Philippines holds elections vital for Aquino reforms
Motorists drive past election posters outside a polling station during mid-term elections in Manila, on May 13, 2013. People are going to the polls to choose thousands of local leaders plus national legislators in what is seen as a referendum on the presidency of reformist Benigno Aquino.
Aquino has called for the mid-term polls, in which thousands of local leaders plus national legislators will be elected, to be a referendum on his efforts to transform a corrupt political system and an underperforming economy.
"The president is asking voters to put their confidence in those on the administration slate to help him carry out the rest of his reform agenda," presidential spokeswoman Abigail Valte told AFP.
Aquino swept into power in 2010 on a promise to fight corruption that he blames for crushing poverty in the country of 100 million people.
Opinion polls show he remains one of the country's most popular presidents, with the Philippines enjoying economic growth faster than every other nation in the Asia-Pacific except for China.
But, with presidents only allowed to serve one term of six years, Aquino is in a rush to implement more ambitious reforms while making an enduring impact on graft.
Monday's elections -- in which more than 18,000 positions, from town councillors up to provincial governors and members of the legislature, are being contested -- are vital to shore up support for his efforts.
Most crucial is control of both houses of Congress.
Aquino is confident of securing big majorities in both houses from an alliance of a wide range of parties, enabling him to pass legislation much more easily than his first three years when he did not have control of the Senate.
One of Aquino's biggest reforms is a planned peace deal with Muslim rebels to end a decades-long insurgency in the south that has claimed an estimated 150,000 lives and curtailed economic growth.
The peace accord would require parliamentary endorsement.
Aquino's aides have also said he is focused on passing legislation that would expand the tax base, including from the mining sector, to pay for more social security services.
Nevertheless, amid the hope, the elections highlighted the enduring nature of many of the darkest traditions that have smothered Philippine politics since the end of Ferdinand Marcos's dictatorship in 1986.
The Philippines is infamous for a brutal brand of democracy where politicians -- particularly at local and provincial levels -- are willing to bribe, intimidate or kill to ensure they win.
On Monday, one person died when gunmen ambushed a busload of voters in the south, and another in clashes between rival politicians, according to local police.
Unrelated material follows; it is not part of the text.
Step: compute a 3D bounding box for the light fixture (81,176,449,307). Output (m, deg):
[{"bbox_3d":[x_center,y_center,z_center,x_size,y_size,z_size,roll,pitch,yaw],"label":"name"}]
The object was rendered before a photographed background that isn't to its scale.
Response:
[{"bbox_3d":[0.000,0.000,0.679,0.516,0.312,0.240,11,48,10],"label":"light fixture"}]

More than 60 people had been killed in pre-poll violence.
Meanwhile, a host of candidates with links to corruption or violence ran as candidates, part of a "culture of impunity" in which powerful figures easily skirt around the justice system.
Among them was Imelda Marcos, 83-year-old wife of the ex-dictator, who was widely expected to win a second term in the lower house representing a northern province which has for decades remained a family stronghold.
Joseph Estrada, a former president evicted in a popular uprising in 2001 and later convicted of committing plunder while in office, was running to become mayor of Manila, the nation's capital.
The Philippines is ruled by remarkably few families -- with roughly 70 percent of the members of current Congress belonging to a dynasty -- and polls showed the elite were set to become even more dominant.
Two of Aquino's relatives were among the 33 Senate candidates.
Reflecting sentiments across the country, voters at a Manila polling station said they would decide according to who could help them the most economically.
"I know he has a soft spot for the poor and if I need his help... I could approach him," Flordeliza Pastoral, 55, an emaciated slum dweller said of her plans to vote for Estrada.